[reply]That Judas Priest case is weird. I only found out fairly recently that the song was a COVER of a tune by SpookyTooth. How come they were never brought in?
Because they probably didn’t have subliminal “DO ITS” in their version…[/reply]
How come nobody ever attempted suicide listening to “The Hustle”? The “do its” in that song aren’t even backmasked!
It’s a long shot, but anyone know if the “DO IT!” shouts on “We Shall Cleanse the World” were in any way influenced by the 1985 “Better by You, Better than Me” suicide pact?
Would have been a recent news story around the time of Big Sexy Land’s recording, but I forget whether or not the whole accusation of “DO IT” back-masking came about at the time of the original events, or in the 1990 trial.
^^ You know, I bet the real convo wasn’t that far off from yours.
Seriously, I bet they all get together and discuss what would position them best.
You’re probably right which is pretty silly cause even if they speculated every detail correct this one story wouldn’t catapult them into the realm of respected newspaper.
Based on what im hearing i would think there will probably be some kind of charges filed on his physicians because he was on pain killers that are supposed to be prescribed to cancer patients and so far no reports of cancer.

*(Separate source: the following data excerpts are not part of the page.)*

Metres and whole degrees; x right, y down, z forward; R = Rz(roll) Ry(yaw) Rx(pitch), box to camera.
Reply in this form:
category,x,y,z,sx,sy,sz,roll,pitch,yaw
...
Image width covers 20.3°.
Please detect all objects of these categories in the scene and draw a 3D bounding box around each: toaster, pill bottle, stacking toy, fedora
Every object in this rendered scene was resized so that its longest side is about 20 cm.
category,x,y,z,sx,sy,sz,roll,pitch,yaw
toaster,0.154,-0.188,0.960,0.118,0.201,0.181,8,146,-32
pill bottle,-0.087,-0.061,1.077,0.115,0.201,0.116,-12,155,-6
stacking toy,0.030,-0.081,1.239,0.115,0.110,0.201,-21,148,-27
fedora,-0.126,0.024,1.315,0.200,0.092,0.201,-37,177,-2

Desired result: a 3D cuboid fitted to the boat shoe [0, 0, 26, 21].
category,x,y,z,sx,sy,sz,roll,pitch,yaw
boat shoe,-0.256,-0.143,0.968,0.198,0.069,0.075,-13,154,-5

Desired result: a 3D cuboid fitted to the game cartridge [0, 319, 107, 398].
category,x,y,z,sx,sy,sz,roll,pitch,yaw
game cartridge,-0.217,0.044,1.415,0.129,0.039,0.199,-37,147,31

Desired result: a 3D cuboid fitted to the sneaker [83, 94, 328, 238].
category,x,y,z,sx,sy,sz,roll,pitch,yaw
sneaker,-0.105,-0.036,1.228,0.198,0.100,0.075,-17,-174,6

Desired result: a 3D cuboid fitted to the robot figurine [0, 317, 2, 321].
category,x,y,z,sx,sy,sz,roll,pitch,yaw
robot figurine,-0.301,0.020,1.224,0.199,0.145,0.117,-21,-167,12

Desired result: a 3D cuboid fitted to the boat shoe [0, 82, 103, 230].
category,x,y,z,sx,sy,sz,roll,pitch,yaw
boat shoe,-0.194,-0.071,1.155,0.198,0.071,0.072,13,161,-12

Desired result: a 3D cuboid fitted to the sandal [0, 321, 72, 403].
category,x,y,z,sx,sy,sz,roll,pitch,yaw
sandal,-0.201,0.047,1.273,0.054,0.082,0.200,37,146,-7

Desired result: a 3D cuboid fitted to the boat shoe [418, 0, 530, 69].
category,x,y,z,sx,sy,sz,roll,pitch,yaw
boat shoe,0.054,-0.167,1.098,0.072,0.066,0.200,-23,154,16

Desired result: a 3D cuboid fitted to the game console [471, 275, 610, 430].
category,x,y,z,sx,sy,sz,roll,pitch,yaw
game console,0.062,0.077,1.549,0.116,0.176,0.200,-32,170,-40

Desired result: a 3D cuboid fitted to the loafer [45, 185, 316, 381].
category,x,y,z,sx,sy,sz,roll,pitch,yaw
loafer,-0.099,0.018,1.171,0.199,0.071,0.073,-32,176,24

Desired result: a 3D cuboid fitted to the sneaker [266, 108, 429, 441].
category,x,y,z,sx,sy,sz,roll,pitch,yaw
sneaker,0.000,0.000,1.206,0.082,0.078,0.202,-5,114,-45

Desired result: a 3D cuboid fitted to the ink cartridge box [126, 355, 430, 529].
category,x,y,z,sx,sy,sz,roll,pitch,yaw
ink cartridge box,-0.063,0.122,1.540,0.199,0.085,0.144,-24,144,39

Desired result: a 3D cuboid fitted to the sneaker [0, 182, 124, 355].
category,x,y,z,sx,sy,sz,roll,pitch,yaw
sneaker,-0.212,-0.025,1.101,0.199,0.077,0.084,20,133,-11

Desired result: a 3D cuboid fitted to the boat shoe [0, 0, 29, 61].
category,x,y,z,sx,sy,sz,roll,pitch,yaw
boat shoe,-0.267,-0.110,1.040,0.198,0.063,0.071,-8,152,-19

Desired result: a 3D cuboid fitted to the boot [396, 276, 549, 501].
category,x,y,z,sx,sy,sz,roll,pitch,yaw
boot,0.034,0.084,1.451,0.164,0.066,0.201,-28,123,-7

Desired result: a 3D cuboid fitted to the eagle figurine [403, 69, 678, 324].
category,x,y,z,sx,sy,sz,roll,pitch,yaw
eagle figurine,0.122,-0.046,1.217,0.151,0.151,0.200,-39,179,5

I know that to most it’s like any other death due to drug use, but considering the past two years I’ve gone through with loved ones around me affected by or addicted to opiates…
Please. Don’t do them. They, much like the Wu-Tang Clan, are not to be fucked with.
Any and all other drugs pale in comparison. It’s just disgusting, degenerative shit with no positives down the line. Even Al J was freebasing while he was shooting up - so it’s not used solely for “creativity”.
No shit, it’s depressing.
You’re 55 and still obsessed about this fucking Internet chat board and bumping threads 5, 10, and 15 years old.
Live that retirement life like a a baller, Pops! You should be gettin’ that half-price power breakfast at Denny’s and eyeballing those ladies at the senior center for square dance night, not returning to the board you shit your pants on and reminding people of your less-than-swanlike exit.